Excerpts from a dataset
▼
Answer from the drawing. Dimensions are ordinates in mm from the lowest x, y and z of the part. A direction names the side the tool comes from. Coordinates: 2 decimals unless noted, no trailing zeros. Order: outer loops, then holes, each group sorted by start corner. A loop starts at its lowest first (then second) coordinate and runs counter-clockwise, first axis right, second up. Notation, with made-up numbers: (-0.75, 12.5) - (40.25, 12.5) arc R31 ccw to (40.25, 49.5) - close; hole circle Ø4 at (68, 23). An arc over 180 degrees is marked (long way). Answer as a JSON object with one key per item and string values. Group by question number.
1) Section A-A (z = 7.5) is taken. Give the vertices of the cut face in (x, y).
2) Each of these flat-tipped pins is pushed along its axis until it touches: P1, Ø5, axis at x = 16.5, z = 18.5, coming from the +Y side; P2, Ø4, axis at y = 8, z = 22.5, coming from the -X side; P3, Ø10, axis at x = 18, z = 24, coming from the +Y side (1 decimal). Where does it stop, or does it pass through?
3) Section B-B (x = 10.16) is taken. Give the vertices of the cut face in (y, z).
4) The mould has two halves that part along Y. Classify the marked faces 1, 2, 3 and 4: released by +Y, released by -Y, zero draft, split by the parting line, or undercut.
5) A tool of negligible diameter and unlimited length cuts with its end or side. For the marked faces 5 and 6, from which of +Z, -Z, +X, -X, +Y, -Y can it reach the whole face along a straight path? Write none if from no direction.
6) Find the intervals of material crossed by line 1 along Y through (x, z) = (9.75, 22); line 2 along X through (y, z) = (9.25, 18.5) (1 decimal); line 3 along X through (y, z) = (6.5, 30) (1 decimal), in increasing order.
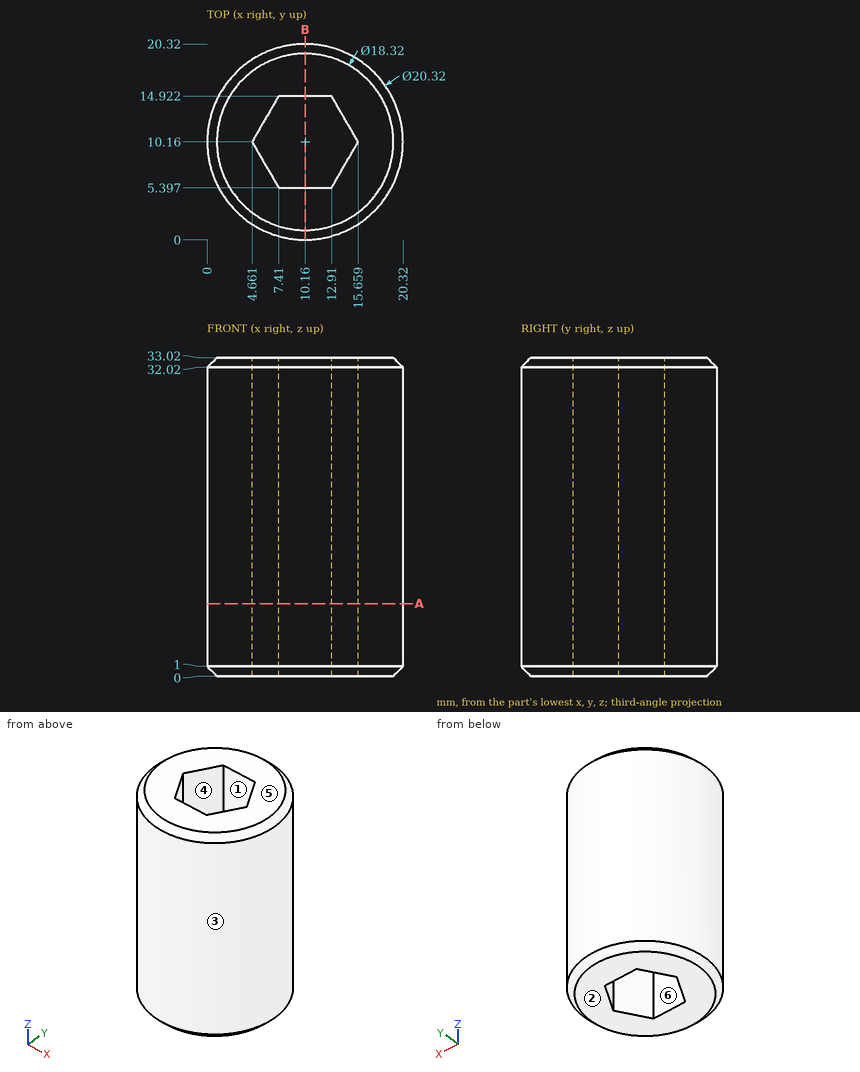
▲
Restate, word for word and without pictures, the lines from the line containing "5) A tool of" to the last line of the records above.

5) A tool of negligible diameter and unlimited length cuts with its end or side. For the marked faces 5 and 6, from which of +Z, -Z, +X, -X, +Y, -Y can it reach the whole face along a straight path? Write none if from no direction.
6) Find the intervals of material crossed by line 1 along Y through (x, z) = (9.75, 22); line 2 along X through (y, z) = (9.25, 18.5) (1 decimal); line 3 along X through (y, z) = (6.5, 30) (1 decimal), in increasing order.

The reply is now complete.